Yemen is a country in the Middle East, formed, in 1990, from North Yemen (a part of the Ottoman Empire until 1918), and South Yemen (a British protectorate until 1967). North Yemen had existed as the Mutawakkilite Kingdom of Yemen until 1962 and as the Yemen Arab Republic thereafter, with a capital in Sanaa, and South Yemen as the People's Democratic Republic of Yemen, having Aden as its capital. Ali Abdallah Salih, former president of North Yemen, is the current Head of State.

The country has a shoreline along the Red Sea and the island of Soqotra, and shares borders with Saudi Arabia and Oman.


Yemenis, as opposed to other peoples of the Arabian Peninsula, do not have a nomadic tradition, but have long been settled in villages and towns.

Ethnicity and tribalism

They are primarily Arab, although there are African elements on the coast. Arabic is the official language, although English is increasingly understood in major cities. In the Mahra area (the extreme east), several non-Arabic languages are spoken. Tribes, therefore, have territories,[1] producing a very different political dynamic than, for example, when the House of Saud became a leader of the nomadic Bedouin. Yemen has a unique balance of formal and tribal governance.[2]

(PD) Image:
National Flag of Yemen


When the former states of north and south Yemen were established, most resident minority groups departed. Most are Muslim, divided into:

  • The majority Shafa'i school of Sunni Muslims, found in the south and southeast
  • Shi'a Zaidi sect, found in the north and northwest. The Houthi resistance group says it is fighting to stop marginalization of the Zaidi.[3]

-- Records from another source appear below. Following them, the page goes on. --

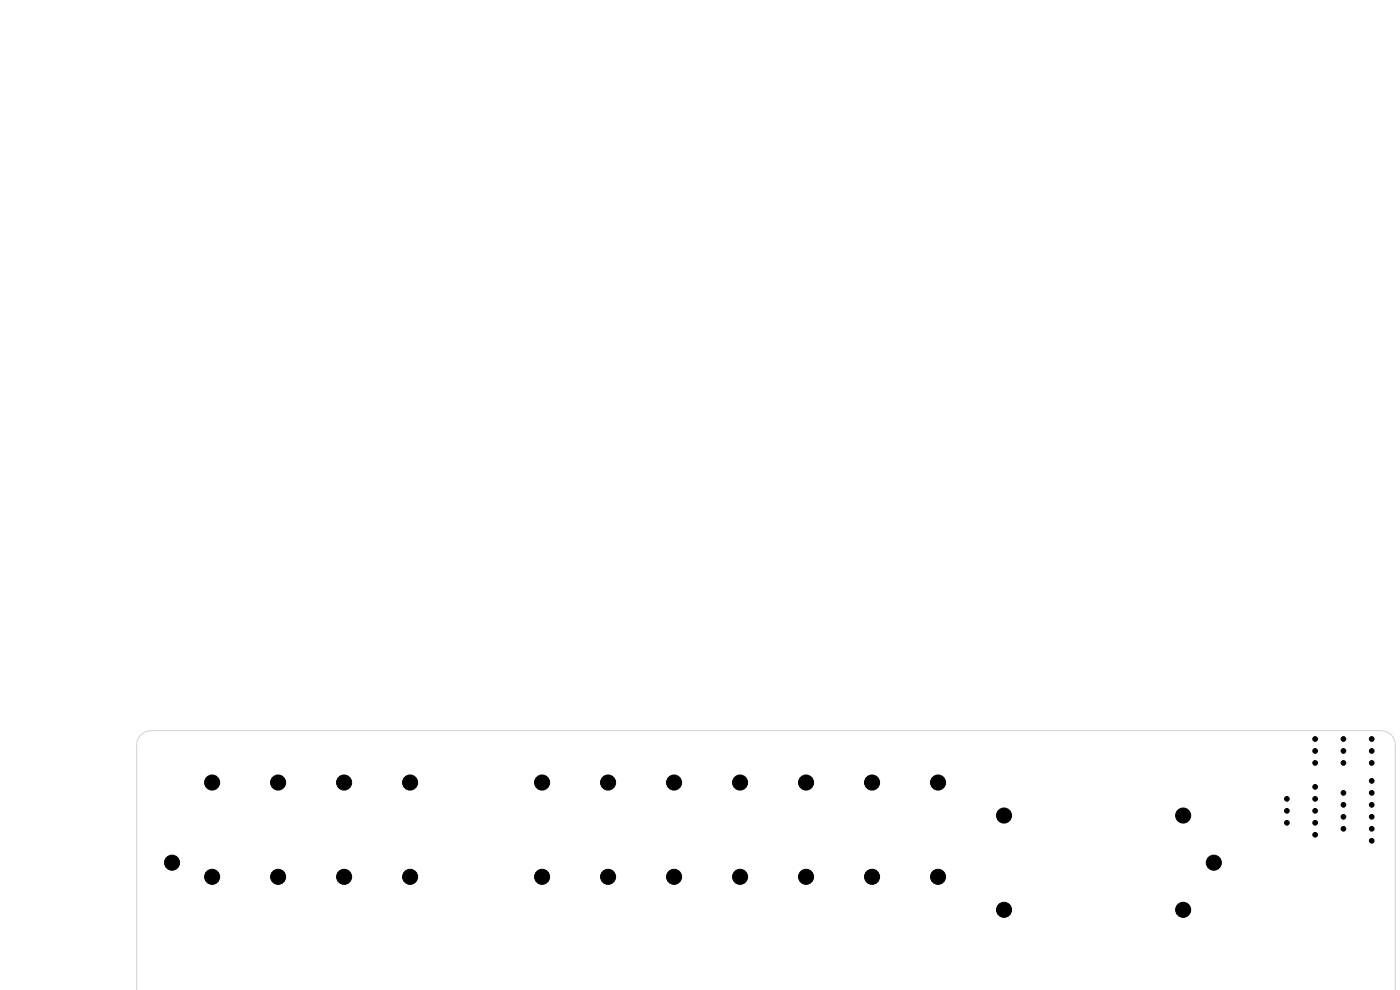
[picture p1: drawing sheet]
<svg xmlns="http://www.w3.org/2000/svg" width="297mm" height="210mm" viewBox="0 0 297 210" stroke-linecap="round" stroke-linejoin="round" font-family="sans-serif">
<path d="M29 210.1v-52.1a3 3 0 0 1 3-3h261a3 3 0 0 1 3 3v52.1" fill="none" stroke="#d0d2cd" stroke-width=".21"/>
<g fill="#000" stroke="#000" stroke-width=".21">
<circle cx="279" cy="156.8" r=".5"/>
<circle cx="279" cy="159.3" r=".5"/>
<circle cx="285" cy="156.8" r=".5"/>
<circle cx="285" cy="159.3" r=".5"/>
<circle cx="291" cy="156.8" r=".5"/>
<circle cx="291" cy="159.3" r=".5"/>
<circle cx="45" cy="166" r="1.6"/>
<circle cx="59" cy="166" r="1.6"/>
<circle cx="73" cy="166" r="1.6"/>
<circle cx="87" cy="166" r="1.6"/>
<circle cx="115" cy="166" r="1.6"/>
<circle cx="129" cy="166" r="1.6"/>
<circle cx="143" cy="166" r="1.6"/>
<circle cx="157" cy="166" r="1.6"/>
<circle cx="171" cy="166" r="1.6"/>
<circle cx="185" cy="166" r="1.6"/>
<circle cx="199" cy="166" r="1.6"/>
<circle cx="213" cy="173" r="1.6"/>
<circle cx="251" cy="173" r="1.6"/>
<circle cx="273" cy="169.5" r=".5"/>
<circle cx="273" cy="172" r=".5"/>
<circle cx="273" cy="174.5" r=".5"/>
<circle cx="279" cy="169.5" r=".5"/>
<circle cx="279" cy="177.1" r=".5"/>
<circle cx="279" cy="172" r=".5"/>
<circle cx="279" cy="174.5" r=".5"/>
<circle cx="279" cy="161.8" r=".5"/>
<circle cx="279" cy="166.9" r=".5"/>
<circle cx="285" cy="173.3" r=".5"/>
<circle cx="285" cy="175.8" r=".5"/>
<circle cx="285" cy="170.7" r=".5"/>
<circle cx="285" cy="161.8" r=".5"/>
<circle cx="285" cy="168.2" r=".5"/>
<circle cx="291" cy="178.4" r=".5"/>
<circle cx="291" cy="175.8" r=".5"/>
<circle cx="291" cy="170.7" r=".5"/>
<circle cx="291" cy="173.3" r=".5"/>
<circle cx="291" cy="165.7" r=".5"/>
<circle cx="291" cy="161.8" r=".5"/>
<circle cx="291" cy="168.2" r=".5"/>
<circle cx="36.5" cy="183" r="1.6"/>
<circle cx="45" cy="186" r="1.6"/>
<circle cx="59" cy="186" r="1.6"/>
<circle cx="73" cy="186" r="1.6"/>
<circle cx="87" cy="186" r="1.6"/>
<circle cx="115" cy="186" r="1.6"/>
<circle cx="129" cy="186" r="1.6"/>
<circle cx="143" cy="186" r="1.6"/>
<circle cx="157" cy="186" r="1.6"/>
<circle cx="171" cy="186" r="1.6"/>
<circle cx="185" cy="186" r="1.6"/>
<circle cx="199" cy="186" r="1.6"/>
<circle cx="213" cy="193" r="1.6"/>
<circle cx="251" cy="193" r="1.6"/>
<circle cx="257.5" cy="183" r="1.6"/>
</g>
</svg>
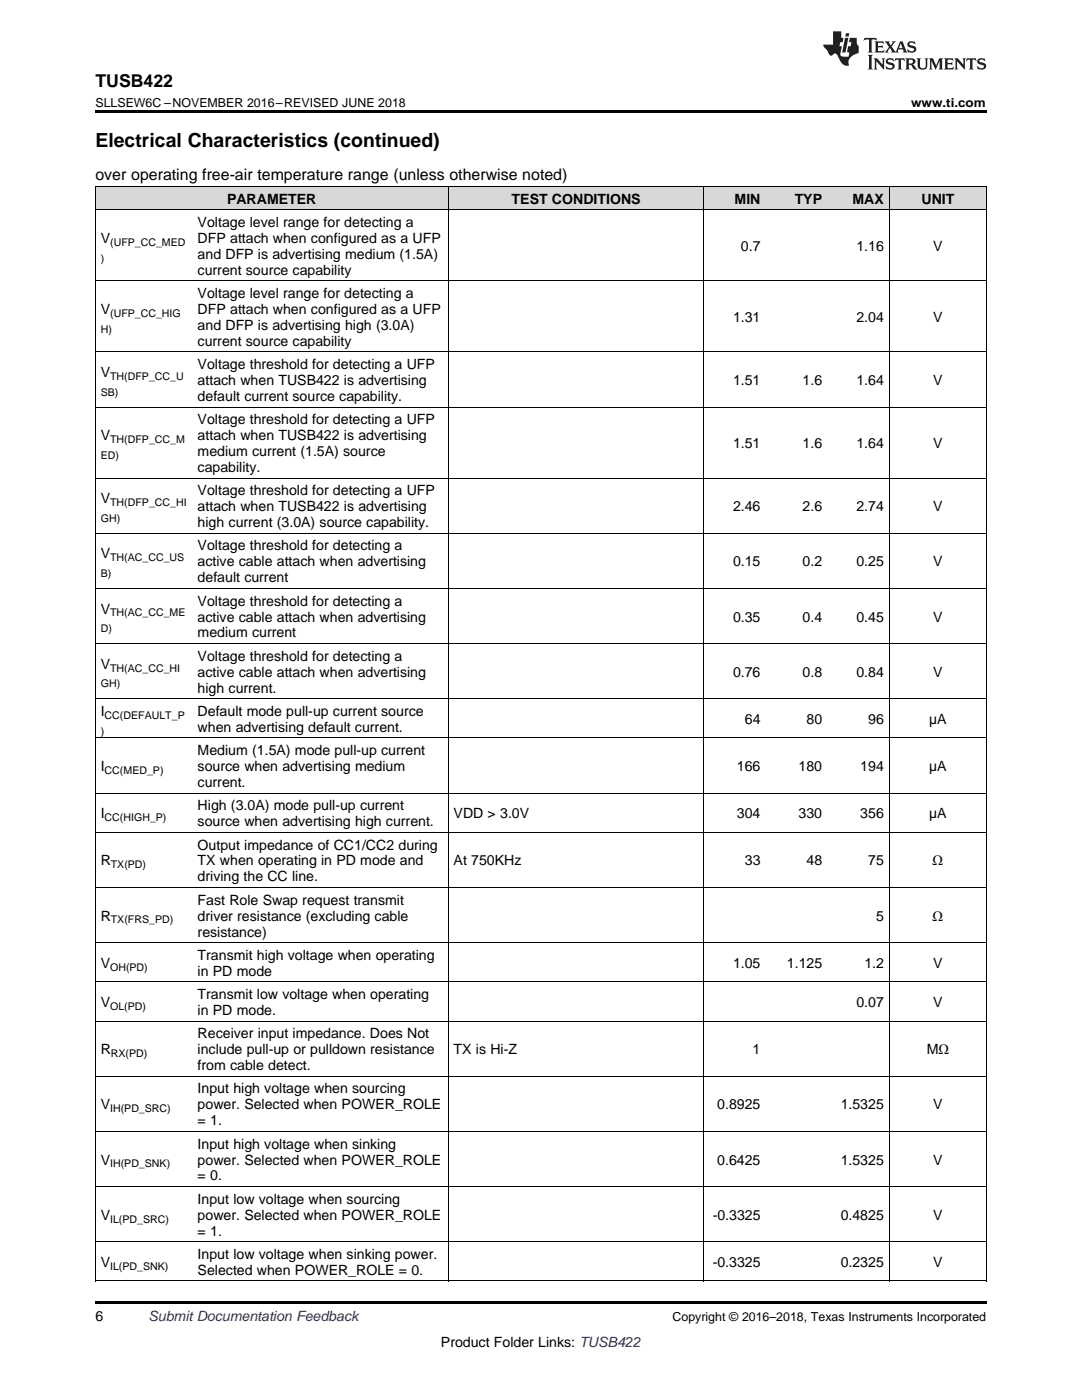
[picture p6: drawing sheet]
<svg xmlns="http://www.w3.org/2000/svg" width="216mm" height="279mm" viewBox="0 0 216 279" stroke-linecap="round" stroke-linejoin="round" font-family="sans-serif">
<defs><g id="words">
<text font-size="3.9" x="19" y="29.3">Electrical Characteristics (continued)</text>
<text font-size="3.5" x="19" y="17.3">TUSB422</text>
<text font-size="3.2" x="19" y="36">over operating free-air temperature range (unless otherwise noted)</text>
<g font-size="2.8">
<text x="45.3" y="40.6">PARAMETER</text>
<text x="102.1" y="40.6">TEST CONDITIONS</text>
<text x="146.6" y="40.6">MIN</text>
<text x="158.6" y="40.6">TYP</text>
<text x="170.1" y="40.6">MAX</text>
<text x="183.9" y="40.6">UNIT</text>
<text x="39.4" y="45.3">Voltage level range for detecting a</text>
<text x="20.1" y="48.5">V</text>
<text x="39.4" y="48.5">DFP attach when configured as a UFP</text>
<text x="39.4" y="51.6">and DFP is advertising medium (1.5A)</text>
<text x="147.8" y="50.1">0.7</text>
<text x="170.9" y="50.1">1.16</text>
<text x="186.2" y="50.1">V</text>
<text x="39.4" y="54.8">current source capability</text>
<text x="39.4" y="59.5">Voltage level range for detecting a</text>
<text x="20.1" y="62.7">V</text>
<text x="39.4" y="62.7">DFP attach when configured as a UFP</text>
<text x="39.4" y="65.8">and DFP is advertising high (3.0A)</text>
<text x="146.3" y="64.2">1.31</text>
<text x="170.9" y="64.2">2.04</text>
<text x="186.2" y="64.2">V</text>
<text x="39.4" y="69">current source capability</text>
<text x="20.1" y="75.2">V</text>
<text x="39.4" y="73.7">Voltage threshold for detecting a UFP</text>
<text x="39.4" y="76.8">attach when TUSB422 is advertising</text>
<text x="146.3" y="76.8">1.51</text>
<text x="160.2" y="76.8">1.6</text>
<text x="170.9" y="76.8">1.64</text>
<text x="186.2" y="76.8">V</text>
<text x="39.4" y="80">default current source capability.</text>
<text x="20.1" y="87.8">V</text>
<text x="39.4" y="84.7">Voltage threshold for detecting a UFP</text>
<text x="39.4" y="87.8">attach when TUSB422 is advertising</text>
<text x="146.3" y="89.4">1.51</text>
<text x="160.2" y="89.4">1.6</text>
<text x="170.9" y="89.4">1.64</text>
<text x="186.2" y="89.4">V</text>
<text x="39.4" y="91">medium current (1.5A) source</text>
<text x="39.4" y="94.2">capability.</text>
<text x="20.1" y="100.4">V</text>
<text x="39.4" y="98.8">Voltage threshold for detecting a UFP</text>
<text x="39.4" y="102">attach when TUSB422 is advertising</text>
<text x="39.4" y="105.2">high current (3.0A) source capability.</text>
<text x="146.3" y="102">2.46</text>
<text x="160.2" y="102">2.6</text>
<text x="170.9" y="102">2.74</text>
<text x="186.2" y="102">V</text>
<text x="20.1" y="111.4">V</text>
<text x="39.4" y="109.9">Voltage threshold for detecting a</text>
<text x="39.4" y="113">active cable attach when advertising</text>
<text x="146.3" y="113">0.15</text>
<text x="160.2" y="113">0.2</text>
<text x="170.9" y="113">0.25</text>
<text x="186.2" y="113">V</text>
<text x="39.4" y="116.2">default current</text>
<text x="20.1" y="122.4">V</text>
<text x="39.4" y="120.9">Voltage threshold for detecting a</text>
<text x="39.4" y="124">active cable attach when advertising</text>
<text x="146.3" y="124">0.35</text>
<text x="160.2" y="124">0.4</text>
<text x="170.9" y="124">0.45</text>
<text x="186.2" y="124">V</text>
<text x="39.4" y="127.2">medium current</text>
<text x="39.4" y="131.9">Voltage threshold for detecting a</text>
<text x="20.1" y="133.5">V</text>
<text x="39.4" y="135">active cable attach when advertising</text>
<text x="146.3" y="135">0.76</text>
<text x="160.2" y="135">0.8</text>
<text x="170.9" y="135">0.84</text>
<text x="186.2" y="135">V</text>
<text x="20.1" y="142.9">I</text>
<text x="39.4" y="138.2">high current.</text>
<text x="39.4" y="142.9">Default mode pull-up current source</text>
<text x="39.4" y="146">when advertising default current.</text>
<text x="148.6" y="144.5">64</text>
<text x="160.9" y="144.5">80</text>
<text x="173.2" y="144.5">96</text>
<text x="185.4" y="144.5">µA</text>
<text x="20.1" y="153.9">I</text>
<text x="39.4" y="150.7">Medium (1.5A) mode pull-up current</text>
<text x="39.4" y="153.9">source when advertising medium</text>
<text x="147" y="153.9">166</text>
<text x="159.3" y="153.9">180</text>
<text x="171.7" y="153.9">194</text>
<text x="185.4" y="153.9">µA</text>
<text x="39.4" y="157.1">current.</text>
<text x="39.4" y="161.7">High (3.0A) mode pull-up current</text>
<text x="20.1" y="163.3">I</text>
<text x="39.4" y="164.9">source when advertising high current.</text>
<text x="90.5" y="163.3">VDD &gt; 3.0V</text>
<text x="147" y="163.3">304</text>
<text x="159.3" y="163.3">330</text>
<text x="171.7" y="163.3">356</text>
<text x="185.4" y="163.3">µA</text>
<text x="20.1" y="172.7">R</text>
<text x="39.4" y="169.5">Output impedance of CC1/CC2 during</text>
<text x="39.4" y="172.7">TX when operating in PD mode and</text>
<text x="90.5" y="172.7">At 750KHz</text>
<text x="148.6" y="172.7">33</text>
<text x="160.9" y="172.7">48</text>
<text x="173.2" y="172.7">75</text>
<text x="186.1" y="172.7">Ω</text>
<text x="39.4" y="175.9">driving the CC line.</text>
<text x="20.1" y="183.7">R</text>
<text x="39.4" y="180.6">Fast Role Swap request transmit</text>
<text x="39.4" y="183.7">driver resistance (excluding cable</text>
<text x="174.8" y="183.7">5</text>
<text x="186.1" y="183.7">Ω</text>
<text x="39.4" y="186.9">resistance)</text>
<text x="39.4" y="191.6">Transmit high voltage when operating</text>
<text x="20.1" y="193.1">V</text>
<text x="39.4" y="194.7">in PD mode</text>
<text x="146.3" y="193.1">1.05</text>
<text x="157" y="193.1">1.125</text>
<text x="172.5" y="193.1">1.2</text>
<text x="186.2" y="193.1">V</text>
<text x="20.1" y="201">V</text>
<text x="39.4" y="199.4">Transmit low voltage when operating</text>
<text x="39.4" y="202.6">in PD mode.</text>
<text x="170.9" y="201">0.07</text>
<text x="186.2" y="201">V</text>
<text x="39.4" y="207.2">Receiver input impedance. Does Not</text>
<text x="20.1" y="210.4">R</text>
<text x="39.4" y="210.4">include pull-up or pulldown resistance</text>
<text x="39.4" y="213.6">from cable detect.</text>
<text x="90.5" y="210.4">TX is Hi-Z</text>
<text x="150.2" y="210.4">1</text>
<text x="184.9" y="210.4">MΩ</text>
<text x="20.1" y="221.4">V</text>
<text x="39.4" y="218.2">Input high voltage when sourcing</text>
<text x="39.4" y="221.4">power. Selected when POWER_ROLE</text>
<text x="143.1" y="221.4">0.8925</text>
<text x="167.7" y="221.4">1.5325</text>
<text x="186.2" y="221.4">V</text>
<text x="39.4" y="224.6">= 1.</text>
<text x="20.1" y="232.4">V</text>
<text x="39.4" y="229.2">Input high voltage when sinking</text>
<text x="39.4" y="232.4">power. Selected when POWER_ROLE</text>
<text x="143.1" y="232.4">0.6425</text>
<text x="167.7" y="232.4">1.5325</text>
<text x="186.2" y="232.4">V</text>
<text x="39.4" y="235.6">= 0.</text>
<text x="20.1" y="243.4">V</text>
<text x="39.4" y="240.2">Input low voltage when sourcing</text>
<text x="39.4" y="243.4">power. Selected when POWER_ROLE</text>
<text x="142.2" y="243.4">-0.3325</text>
<text x="167.7" y="243.4">0.4825</text>
<text x="186.2" y="243.4">V</text>
<text x="39.4" y="246.6">= 1.</text>
<text x="39.4" y="251.2">Input low voltage when sinking power.</text>
<text x="20.1" y="252.8">V</text>
<text x="39.4" y="254.4">Selected when POWER_ROLE = 0.</text>
<text x="142.2" y="252.8">-0.3325</text>
<text x="167.7" y="252.8">0.2325</text>
<text x="186.2" y="252.8">V</text>
<text x="19" y="263.6">6</text>
<text x="88" y="268.9">Product Folder Links: TUSB422</text>
</g>
<text font-size="2.8" fill="#0000c8" x="29.6" y="263.6">Submit Documentation Feedback</text>
<g font-size="2.5">
<text x="19" y="21.4">SLLSEW6C –NOVEMBER 2016–REVISED JUNE 2018</text>
<text x="181.8" y="21.4">www.ti.com</text>
<text x="134.2" y="263.6">Copyright © 2016–2018, Texas Instruments Incorporated</text>
</g>
<g font-size="2.1">
<text x="20.1" y="52.2">)</text>
<text x="22" y="49">(UFP_CC_MED</text>
<text x="22" y="63.2">(UFP_CC_HIG</text>
<text x="20.1" y="66.4">H)</text>
<text x="22" y="75.8">TH(DFP_CC_U</text>
<text x="20.1" y="79">SB)</text>
<text x="22" y="88.4">TH(DFP_CC_M</text>
<text x="20.1" y="91.6">ED)</text>
<text x="22" y="101">TH(DFP_CC_HI</text>
<text x="20.1" y="104.2">GH)</text>
<text x="22" y="112">TH(AC_CC_US</text>
<text x="20.1" y="115.2">B)</text>
<text x="22" y="123">TH(AC_CC_ME</text>
<text x="20.1" y="126.2">D)</text>
<text x="20.1" y="137.2">GH)</text>
<text x="22" y="134">TH(AC_CC_HI</text>
<text x="20.9" y="143.4">CC(DEFAULT_P</text>
<text x="20.1" y="146.6">)</text>
<text x="20.9" y="154.4">CC(MED_P)</text>
<text x="20.9" y="163.9">CC(HIGH_P)</text>
<text x="22.1" y="173.3">TX(PD)</text>
<text x="22.1" y="184.3">TX(FRS_PD)</text>
<text x="22" y="193.7">OH(PD)</text>
<text x="22" y="201.5">OL(PD)</text>
<text x="22.1" y="211">RX(PD)</text>
<text x="22" y="222">IH(PD_SRC)</text>
<text x="22" y="233">IH(PD_SNK)</text>
<text x="22" y="244">IL(PD_SRC)</text>
<text x="22" y="253.4">IL(PD_SNK)</text>
</g>
</g></defs>
<g fill="#d8d8d8">
<path d="M19 37.3h19.4v4.6h-19.4z"/>
<path d="M38.4 37.3h51.1v4.6h-51.1z"/>
<path d="M89.5 37.3h51v4.6h-51z"/>
<path d="M140.5 37.3h12.3v4.6h-12.3z"/>
<path d="M152.8 37.3h12.3v4.6h-12.3z"/>
<path d="M165.1 37.3h12.4v4.6h-12.4z"/>
<path d="M177.5 37.3h19.3v4.6h-19.3z"/>
</g>
<path d="M19 22h177.8v.5h-177.8zM19 259.7h177.8v.5h-177.8z" fill="#000"/>
<g fill="none" stroke="#000" stroke-width=".2">
<path d="M19 37.2h177.8M19.1 37.2v218.5M89.4 37.2v218.5M140.5 37.2v218.5M177.4 37.2v218.5M196.8 37.2v218.5M19 56h177.8M19 41.9h177.8M19 70.2h177.8M19 95.4h177.8M19 81.2h177.8M19 117.4h177.8"/>
<path d="M19 106.4h177.8M19 139.4h177.8M19 128.4h177.8M19 158.3h177.8M19 147.3h177.8M19 177.1h177.8M19 166.1h177.8M19 196h177.8M19 188.1h177.8M19 214.8h177.8M19 203.8h177.8M19 236.8h177.8"/>
<path d="M19 225.8h177.8M19 255.6h177.8M19 247.8h177.8"/>
</g>
<g fill="#231f20">
<path d="M172.5 7.6l-.1 .5 .4-.2h.6v.1v2.1l-.2 .4h.9l-.2-.4v-2.1l.1-.1h.5l.5 .2-.2-.5zM174.5 8.3l.2 .3v1.5l-.2 .4h1.8l.2-.6a1.04 1.04 0 0 1-1.3 .2v-.7h.6l.3 .2v-.6l-.3 .2h-.6v-.6l.8-.1 .4 .3-.2-.5zM176.5 8.3l.9 1.1-.9 1.1h.8l-.2-.2 .4-.7 .5 .7-.2 .2h1.5l-.2-.2 .2-.4h.9l.1 .4-.2 .2h1l-.3-.3-.7-1.9h-.5l-.9 2-.8-1 .9-1h-.8l.1 .3-.4 .5-.3-.6 .1-.2zM179.7 8.6l.4 1h-.7zM181.3 8.4a.63 .63 0 0 0-.2 .7 .63 .63 0 0 0 .6 .4l.6 .2 .1 .2a.75 .75 0 0 1-.7 .4 .75 .75 0 0 1-.6-.5l.1 .7 .1-.1a1.11 1.11 0 0 0 1.5-.6 1.13 1.13 0 0 0-1.2-.8l-.1-.4a1.04 1.04 0 0 1 1.2 .2l-.2-.5-.2 .1-.4-.2zM173.2 10.9l.2 .4v2.2l-.2 .4h1l-.3-.4v-2.2l.3-.4zM174.3 11.6l.3 .4v1.5l-.3 .4h.8l-.2-.4v-1.3l1.5 1.7v-1.9l.2-.4h-.7l.2 .4v.9l-1.1-1.3zM177 11.8a.62 .62 0 0 0-.2 .7 .62 .62 0 0 0 .6 .4l.6 .1 .1 .3a.76 .76 0 0 1-.7 .3 .76 .76 0 0 1-.7-.4l.2 .7 .1-.1a1.11 1.11 0 0 0 1.5-.6 1.13 1.13 0 0 0-1.2-.8l-.1-.4a1.04 1.04 0 0 1 1.2 .2l-.2-.6-.2 .1-.5-.1zM178.7 11.6l-.2 .6a.61 .61 0 0 1 .8-.3v1.6l-.2 .4h.9l-.2-.4v-1.6a.63 .63 0 0 1 .7 .3l-.1-.6zM180.6 11.6l.3 .4v1.5l-.3 .4h1l-.2-.2-.1-.8 .6 .2a.76 .76 0 0 0 1.2 .7l-1-1a.58 .58 0 0 0 .6-.5 .58 .58 0 0 0-.5-.6zM181.4 11.9h.1a.45 .45 0 0 1 .5 .1 .45 .45 0 0 1 .1 .5l-.8 .2zM182.9 11.6l.2 .2a2.17 2.17 0 0 0 .3 1.9 .99 .99 0 0 0 1.6-.6v-1.1l.2-.4h-.7l.2 .2a1.92 1.92 0 0 1-.2 1.8 .6 .6 0 0 1-.9-.5v-1.1l.2-.4zM185.4 11.6l.2 .4v1.5l-.2 .4h.7l-.2-.4v-1.4l.8 1.8 .8-1.8v1.4l-.2 .4h.9l-.2-.4v-1.5l.2-.4h-.8l-.6 1.5-.6-1.5zM188.4 11.6l.2 .4v1.5l-.2 .4h1.8l.1-.6a1.04 1.04 0 0 1-1.2 .1v-.6h.5l.4 .2v-.6l-.4 .2h-.5v-.7h.8l.3 .3-.1-.6zM190.5 11.6l.2 .4v1.5l-.2 .4h.7l-.2-.4v-1.3l1.5 1.7v-1.9l.2-.4h-.7l.2 .4v.9l-1.1-1.3zM192.9 11.6l-.1 .6a.61 .61 0 0 1 .7-.3l.1 1.6-.3 .4h1l-.3-.4 .1-1.6a.63 .63 0 0 1 .7 .3l-.1-.6zM195.2 11.8a.62 .62 0 0 0-.2 .7 .62 .62 0 0 0 .6 .4l.6 .1 .1 .3a.76 .76 0 0 1-.7 .3 .76 .76 0 0 1-.6-.4l.1 .7 .1-.1a1.11 1.11 0 0 0 1.6-.6 1.13 1.13 0 0 0-1.3-.8l-.1-.4a1.04 1.04 0 0 1 1.2 .2l-.1-.6-.2 .1-.5-.1z"/>
<path d="M166.2 6.3v2.6h-1.9v.4l.8 .9a.91 .91 0 0 0 1 .8 .56 .56 0 0 1 .5-.3 .56 .56 0 0 1 .5 .3l.4 .8a1.53 1.53 0 0 0 1.9 1.2 1.54 1.54 0 0 1 1-2.1l.9-.3v-1.4a1.52 1.52 0 0 1-.4-1.6h-1.3l-.2 .8h.5l-.2 .8h-.5l-.1 1v.2l.4 .1-.2 .8a1.93 1.93 0 0 1-1.6-.3l.3-1.8h-.5l.2-.8h.4l.2-.8h-.4v-1.3zM168.6 7.6l-.6 2.9h.7l.6-2.9zM168.8 6.6l-.1 .7h.6l.2-.7z"/>
</g>
<use href="#words"/>
</svg>

Former U.S. Ambassador to Yemen Edmund Hull writes that most sources overestimate Sunni-Shiite tension. "both the Houthis and President Saleh are followers of the Zaidi sect of Shiite Islam. Generally, there is no clear divide between Sunnis and Shiites in Yemen, although the Shiites tend to live in the north and northwest while the Sunnis, mostly members of the moderate Shafii school, predominate in the south and southeast. In any case, one’s sect matters far less in Yemen than in countries like Lebanon or Iraq, and it’s not unknown for Yemenis to convert from Sunni to Shiite as a matter of convenience."[4]

National history

Unification took place for a number of reasons. In President Salih's 1990 speech, three factors went into a broad desire for national identity:

  • "the return to a lost “golden age”
  • the removal of the effects of monarchy and imperialism
  • the desire for pan-Arab unity, with Yemeni unity as a preliminary step."[5]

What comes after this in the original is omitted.